As mentioned, the width of the code spans through 112 characters, which is /not/ obviously too far. I recommend it not exceed 100 characters at most. Even that can be a little too much and force people to do a lot of eye movement in order to read your code. Consider:

printf("Choose rock, Paper, Scissors ( %s | %s | %s ): ",
       rpsSigns[ROCK], rpsSigns[PAPER], rpsSigns[SCISSORS]);

or

#define ENTRY_TEXT "Choose rock, Paper, Scissors ( %s | %s | %s ): "
...
printf(ENTRY_TEXT, rpsSigns[ROCK], rpsSigns[PAPER], rpsSigns[SCISSORS]);

Overflow

The other valid point that was already mentioned is that scanf is called to read up to 8 characters, but it also transparently writes '\0' at the end of buffer so it may end up writing 9 characters and cause a buffer overflow. Change the format parameter to "%7s" (as chux said, 7 being the specifier width)

Error-checking

I would recommend you to check scanf against the number of items of the argument list successfully read. Not a bad practice.

Limit restrictions

It is perfectly fine to hard code length limits, but if you do so, make sure you let the user be aware, perhaps by printing at the end of input suggestion "(max 8 characters)" Otherwise Users might be puzzled as to why their input has been abruptly trimmed.

Infloops

I can understand why are you taking a serving of the while(1) loop. Loops without an escape clause are nothing more than intended deadlocks.
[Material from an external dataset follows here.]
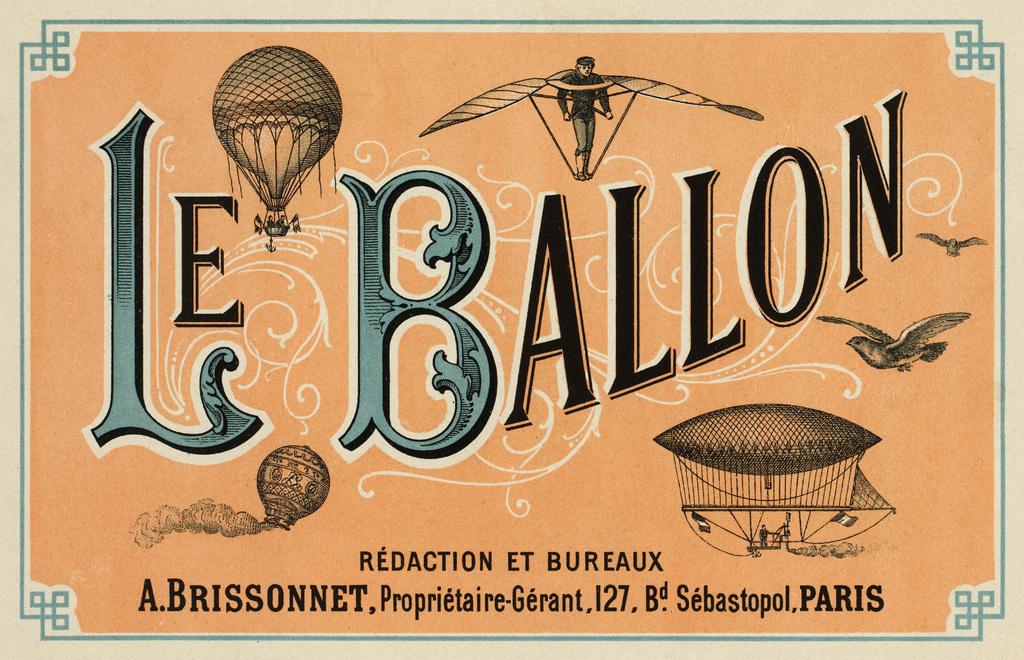What does the ad say?
Your answer should be compact. Le ballon. What city is mentioned?
Give a very brief answer. Paris.

Intended or not, they are still deadlocks and should be taken care of. Minimal changes can be made to force your way out of the loop if you type "exit" or just "e" or maybe do that after 100 rounds. At the end, you can print statistics of how many rounds were lost, won or tied.

Implementation details

control

Minimal changes can be made to allow the user to specify how they want the rock, paper, scissors -representing strings to look like. One would prefer singular characters such as "R", "P", "S", other might prefer morse code...

consider using fgets()

fgets() is a simpler function that will read the entire line and will not stop on just about any whitespace (which can be more or less hideously achieved via %7[^\n]%c"...)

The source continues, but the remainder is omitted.